● **What to do**:
In the entries below, find the line with "at (200, 35);" and the line with "- (940, 50)"; give again those lines and every line between them, exactly.

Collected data
..........

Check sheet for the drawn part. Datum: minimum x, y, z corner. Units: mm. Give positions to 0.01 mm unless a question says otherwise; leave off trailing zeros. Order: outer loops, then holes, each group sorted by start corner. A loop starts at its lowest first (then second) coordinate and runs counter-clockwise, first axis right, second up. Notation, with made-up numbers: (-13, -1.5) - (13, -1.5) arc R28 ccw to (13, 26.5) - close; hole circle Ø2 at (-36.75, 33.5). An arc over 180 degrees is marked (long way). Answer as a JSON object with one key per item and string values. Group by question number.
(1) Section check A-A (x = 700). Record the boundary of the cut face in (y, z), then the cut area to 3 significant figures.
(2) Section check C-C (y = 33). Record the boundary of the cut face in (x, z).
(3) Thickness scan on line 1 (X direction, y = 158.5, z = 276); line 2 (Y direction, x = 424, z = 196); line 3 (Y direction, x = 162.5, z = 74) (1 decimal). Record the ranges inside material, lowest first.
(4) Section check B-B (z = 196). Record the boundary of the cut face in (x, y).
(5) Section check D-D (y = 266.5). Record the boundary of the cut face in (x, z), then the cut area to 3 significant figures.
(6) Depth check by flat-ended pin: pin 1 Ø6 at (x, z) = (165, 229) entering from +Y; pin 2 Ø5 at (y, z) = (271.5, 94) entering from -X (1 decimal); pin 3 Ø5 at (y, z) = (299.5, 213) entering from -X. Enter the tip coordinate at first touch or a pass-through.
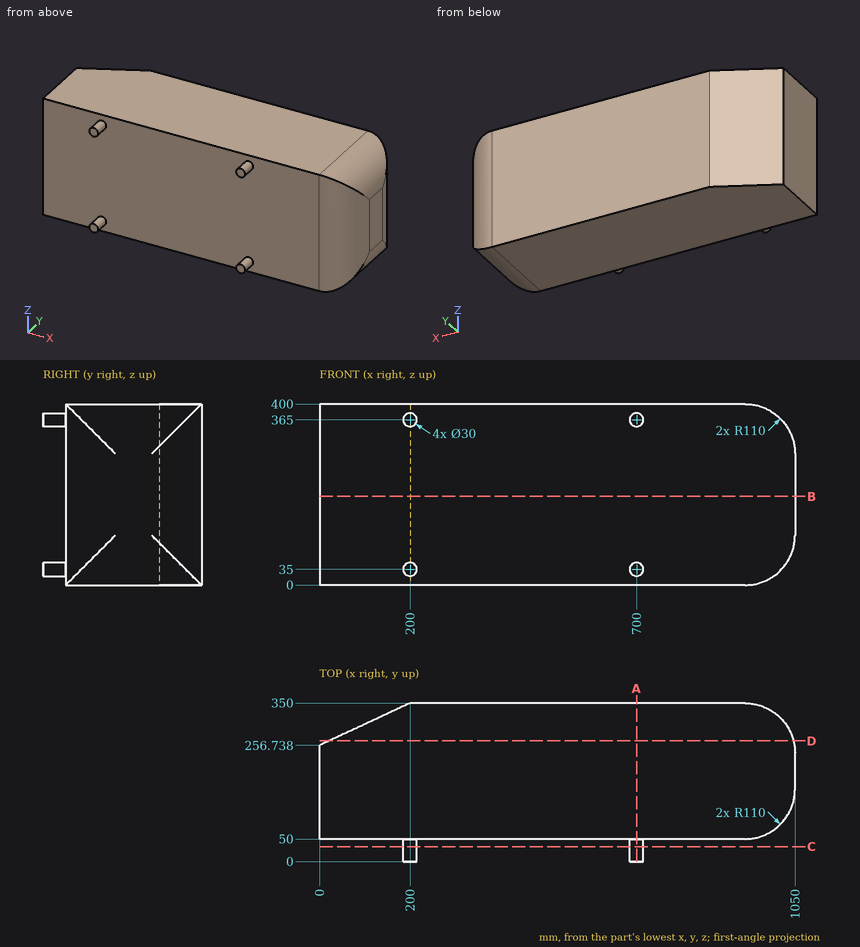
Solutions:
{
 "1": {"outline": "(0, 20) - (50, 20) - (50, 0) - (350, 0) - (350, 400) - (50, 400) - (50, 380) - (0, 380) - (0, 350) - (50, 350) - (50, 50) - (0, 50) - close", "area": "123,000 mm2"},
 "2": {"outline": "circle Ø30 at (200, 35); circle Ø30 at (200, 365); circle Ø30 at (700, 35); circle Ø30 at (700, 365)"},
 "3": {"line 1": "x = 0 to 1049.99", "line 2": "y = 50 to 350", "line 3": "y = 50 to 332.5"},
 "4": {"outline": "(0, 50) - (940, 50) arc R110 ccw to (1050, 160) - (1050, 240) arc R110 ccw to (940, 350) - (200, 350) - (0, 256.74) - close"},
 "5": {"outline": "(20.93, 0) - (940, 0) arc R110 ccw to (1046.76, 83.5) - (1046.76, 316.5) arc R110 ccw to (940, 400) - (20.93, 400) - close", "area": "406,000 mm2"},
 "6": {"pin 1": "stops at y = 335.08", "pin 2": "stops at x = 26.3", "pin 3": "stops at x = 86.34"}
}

..........

● **Result**:
 "2": {"outline": "circle Ø30 at (200, 35); circle Ø30 at (200, 365); circle Ø30 at (700, 35); circle Ø30 at (700, 365)"},
 "3": {"line 1": "x = 0 to 1049.99", "line 2": "y = 50 to 350", "line 3": "y = 50 to 332.5"},
 "4": {"outline": "(0, 50) - (940, 50) arc R110 ccw to (1050, 160) - (1050, 240) arc R110 ccw to (940, 350) - (200, 350) - (0, 256.74) - close"},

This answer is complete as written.